TASK DESCRIPTION
Quote the listing in full, exactly as given, minus any pictures.

RECORD EXTRACTS

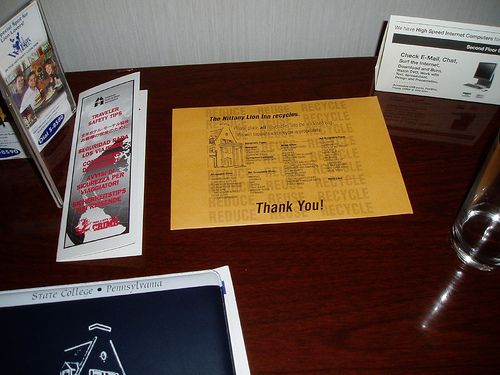<image>
Is the table under the glass? Yes. The table is positioned underneath the glass, with the glass above it in the vertical space. 
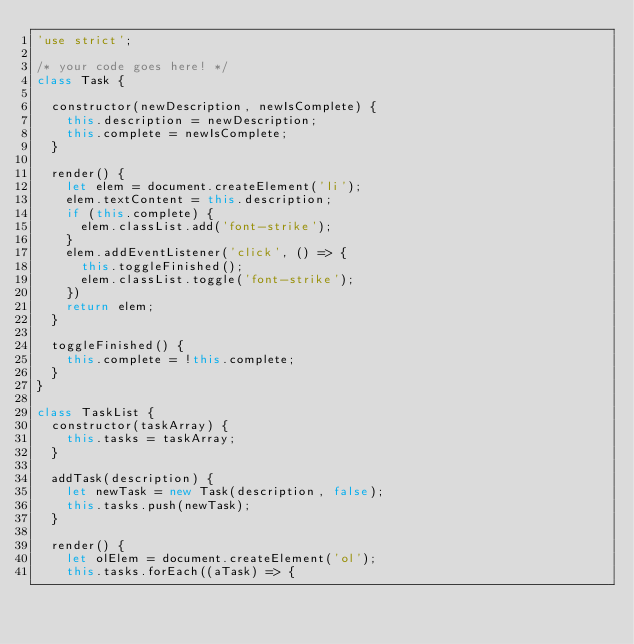Convert code to text. <code><loc_0><loc_0><loc_500><loc_500><_JavaScript_>'use strict';

/* your code goes here! */
class Task {

  constructor(newDescription, newIsComplete) {
    this.description = newDescription;
    this.complete = newIsComplete;
  }

  render() {
    let elem = document.createElement('li');
    elem.textContent = this.description;
    if (this.complete) {
      elem.classList.add('font-strike');
    }
    elem.addEventListener('click', () => {
      this.toggleFinished();
      elem.classList.toggle('font-strike');
    })
    return elem;
  }

  toggleFinished() {
    this.complete = !this.complete;
  }
}

class TaskList {
  constructor(taskArray) {
    this.tasks = taskArray;
  }

  addTask(description) {
    let newTask = new Task(description, false);
    this.tasks.push(newTask);
  }

  render() {
    let olElem = document.createElement('ol');
    this.tasks.forEach((aTask) => {</code> 
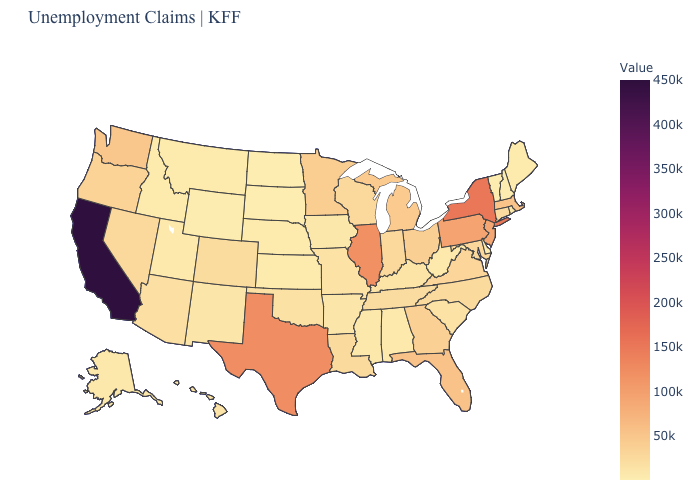Which states have the lowest value in the USA?
Be succinct. South Dakota. Does South Dakota have the lowest value in the MidWest?
Short answer required. Yes. Does California have the highest value in the West?
Answer briefly. Yes. 
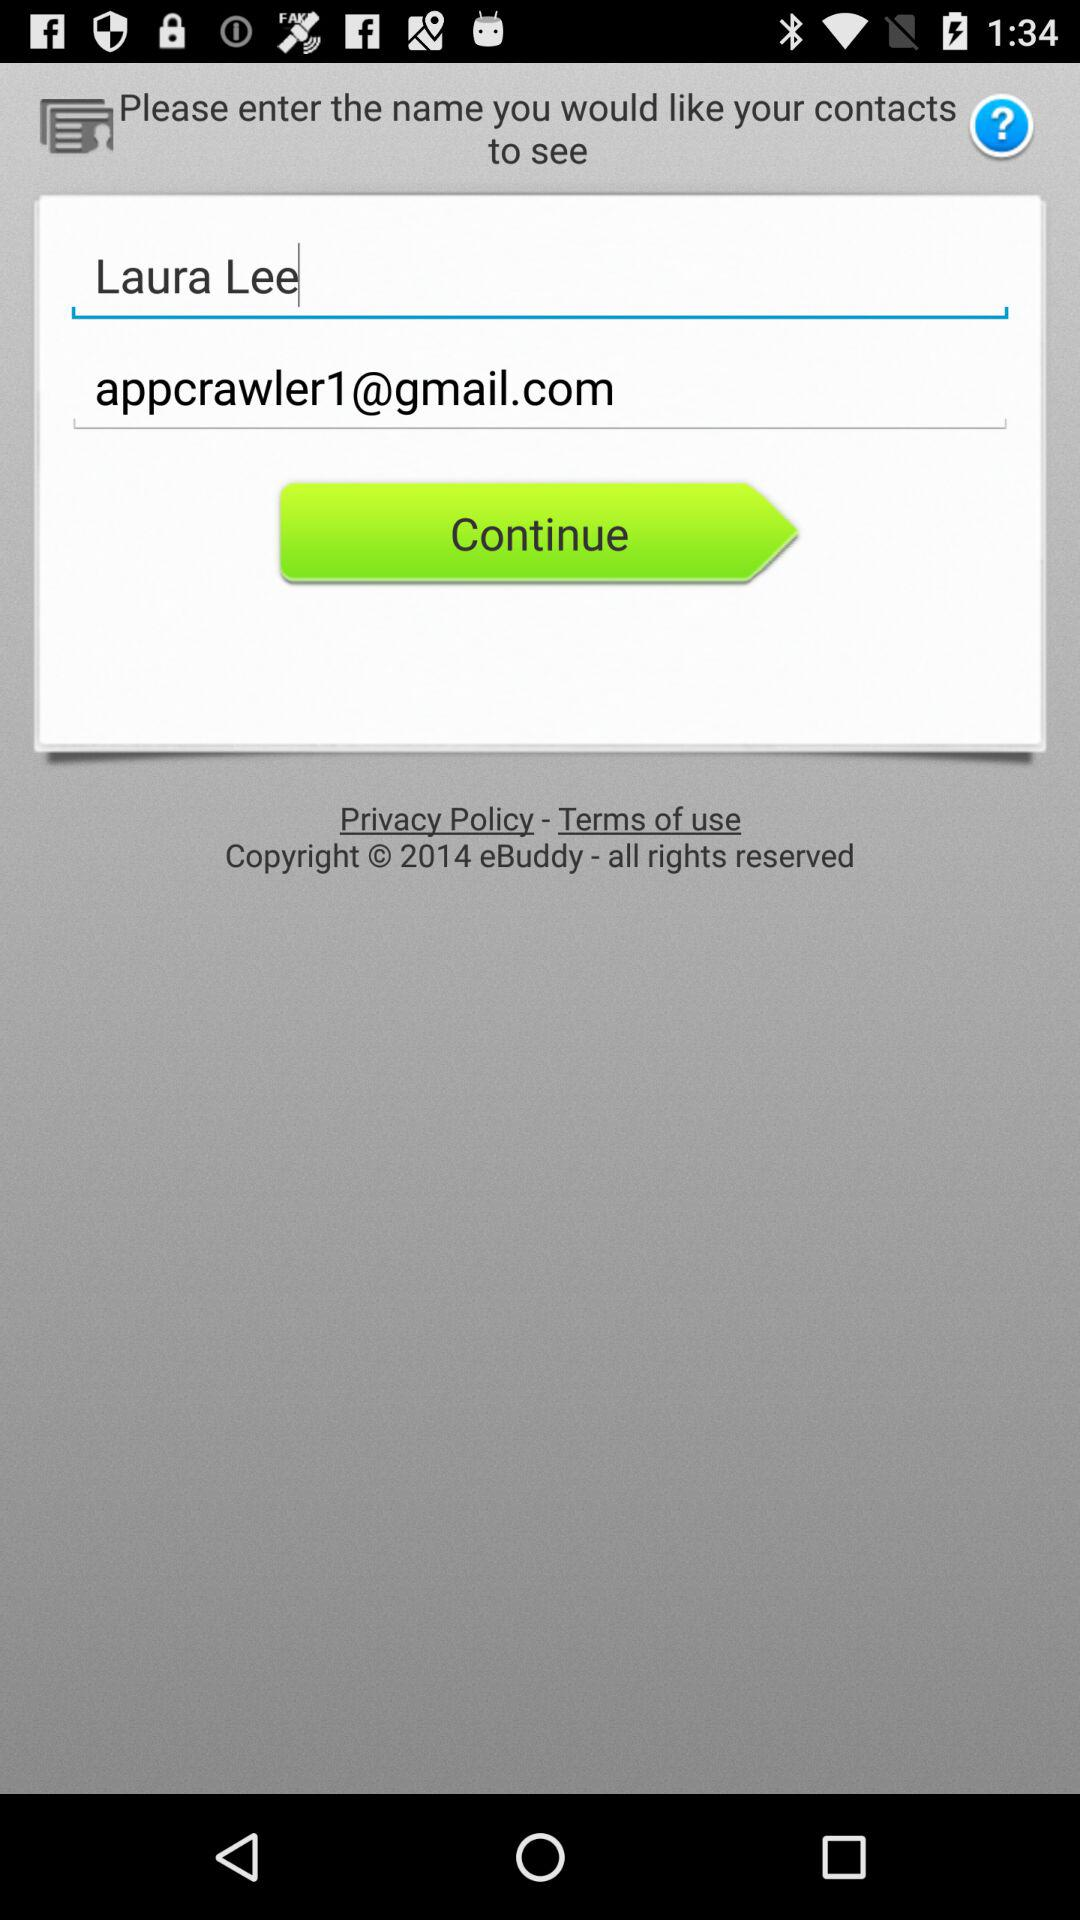What's the Google mail address? The mail address is appcrawler1@gmail.com. 
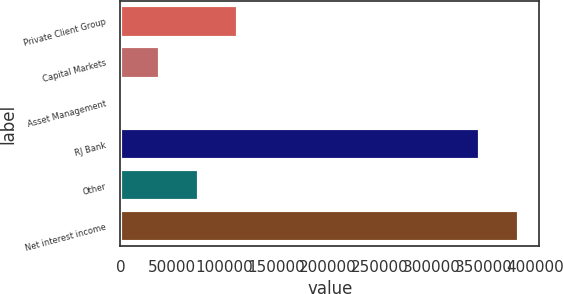Convert chart. <chart><loc_0><loc_0><loc_500><loc_500><bar_chart><fcel>Private Client Group<fcel>Capital Markets<fcel>Asset Management<fcel>RJ Bank<fcel>Other<fcel>Net interest income<nl><fcel>113103<fcel>37762.3<fcel>92<fcel>346757<fcel>75432.6<fcel>384427<nl></chart> 
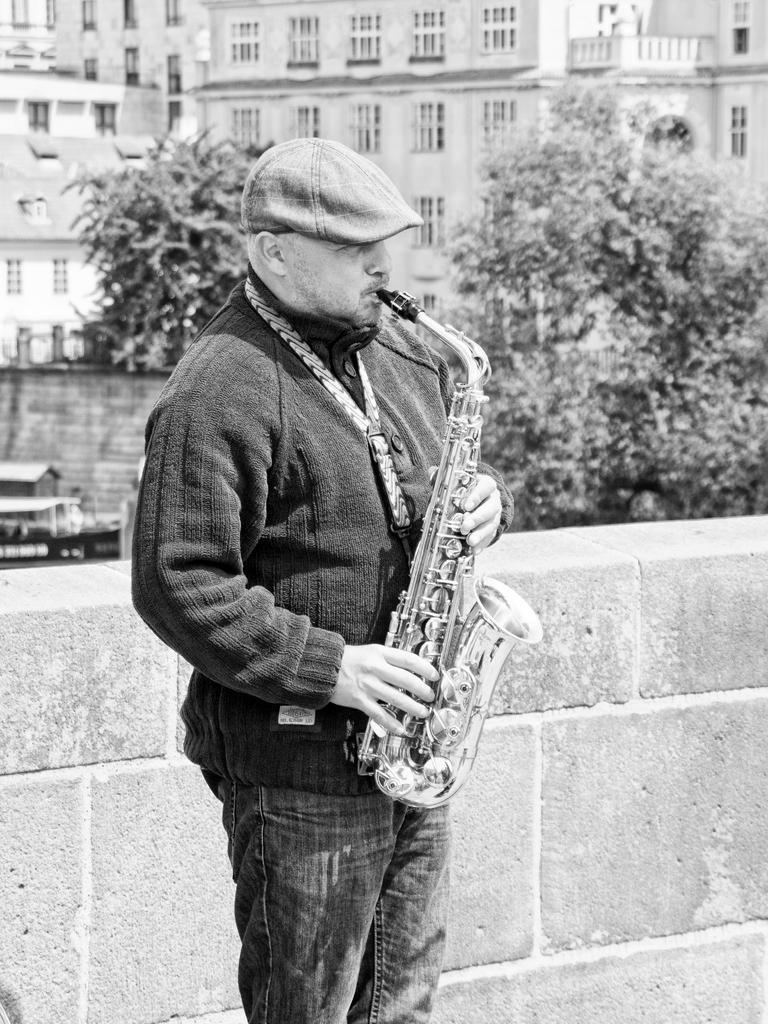Describe this image in one or two sentences. In this image we can see a person playing a saxophone, behind him there is a window, buildings, trees, and the picture is taken in black and white mode.

RESULT OF THE TASK
<image>
Is the table under the glass? Yes. The table is positioned underneath the glass, with the glass above it in the vertical space. 
Convert code to text. <code><loc_0><loc_0><loc_500><loc_500><_JavaScript_>'use strict';

/* your code goes here! */
class Task {

  constructor(newDescription, newIsComplete) {
    this.description = newDescription;
    this.complete = newIsComplete;
  }

  render() {
    let elem = document.createElement('li');
    elem.textContent = this.description;
    if (this.complete) {
      elem.classList.add('font-strike');
    }
    elem.addEventListener('click', () => {
      this.toggleFinished();
      elem.classList.toggle('font-strike');
    })
    return elem;
  }

  toggleFinished() {
    this.complete = !this.complete;
  }
}

class TaskList {
  constructor(taskArray) {
    this.tasks = taskArray;
  }

  addTask(description) {
    let newTask = new Task(description, false);
    this.tasks.push(newTask);
  }

  render() {
    let olElem = document.createElement('ol');
    this.tasks.forEach((aTask) => {</code> 
Which states have the lowest value in the USA?
Be succinct. South Dakota. Does South Dakota have the lowest value in the MidWest?
Short answer required. Yes. Does California have the highest value in the West?
Answer briefly. Yes. 
What's the Google mail address? The mail address is appcrawler1@gmail.com. 
Convert chart. <chart><loc_0><loc_0><loc_500><loc_500><bar_chart><fcel>Private Client Group<fcel>Capital Markets<fcel>Asset Management<fcel>RJ Bank<fcel>Other<fcel>Net interest income<nl><fcel>113103<fcel>37762.3<fcel>92<fcel>346757<fcel>75432.6<fcel>384427<nl></chart> 
Describe this image in one or two sentences. In this image we can see a person playing a saxophone, behind him there is a window, buildings, trees, and the picture is taken in black and white mode.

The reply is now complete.